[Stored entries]
---*---

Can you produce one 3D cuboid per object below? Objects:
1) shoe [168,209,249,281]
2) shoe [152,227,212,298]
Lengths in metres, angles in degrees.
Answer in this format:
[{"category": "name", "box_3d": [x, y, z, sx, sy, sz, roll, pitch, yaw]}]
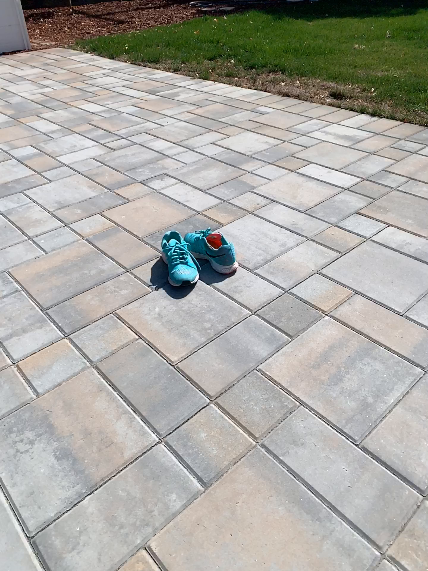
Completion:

---*---

▶ **Exercise prompt**: First drop every picture, then print the data above exactly as it stands.

▶ **Written response**:
Can you produce one 3D cuboid per object below? Objects:
1) shoe [168,209,249,281]
2) shoe [152,227,212,298]
Lengths in metres, angles in degrees.
Answer in this format:
[{"category": "name", "box_3d": [x, y, z, sx, sy, sz, roll, pitch, yaw]}]
Completion:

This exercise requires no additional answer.